● Exercise goal
What is the number of lines below that hold "Instead"? Answer with that number only.
+++ Data +++
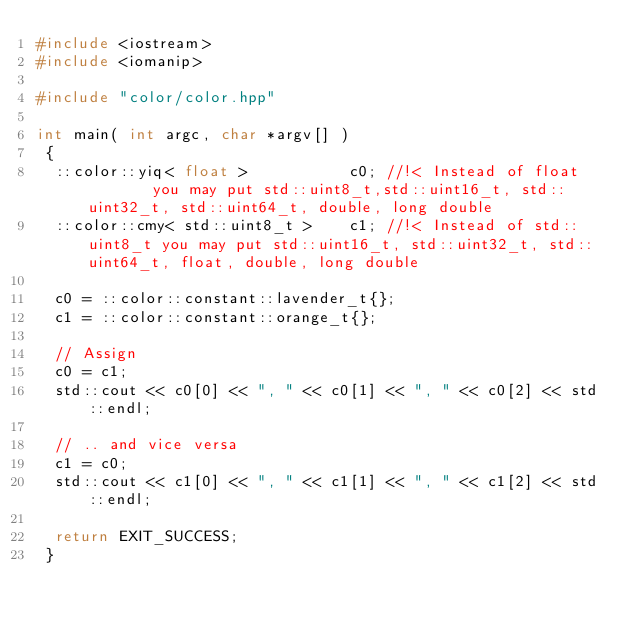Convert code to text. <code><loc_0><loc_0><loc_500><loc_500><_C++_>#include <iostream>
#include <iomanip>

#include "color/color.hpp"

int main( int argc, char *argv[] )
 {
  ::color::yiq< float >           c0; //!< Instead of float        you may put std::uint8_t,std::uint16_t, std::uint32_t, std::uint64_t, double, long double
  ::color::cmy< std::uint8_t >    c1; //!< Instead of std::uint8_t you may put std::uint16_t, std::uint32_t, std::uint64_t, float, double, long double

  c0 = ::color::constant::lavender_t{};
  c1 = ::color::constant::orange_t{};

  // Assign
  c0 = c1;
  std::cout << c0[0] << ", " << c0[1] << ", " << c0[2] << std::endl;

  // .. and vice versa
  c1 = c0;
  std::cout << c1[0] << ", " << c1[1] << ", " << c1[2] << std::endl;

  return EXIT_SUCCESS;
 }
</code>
+++
● Result
2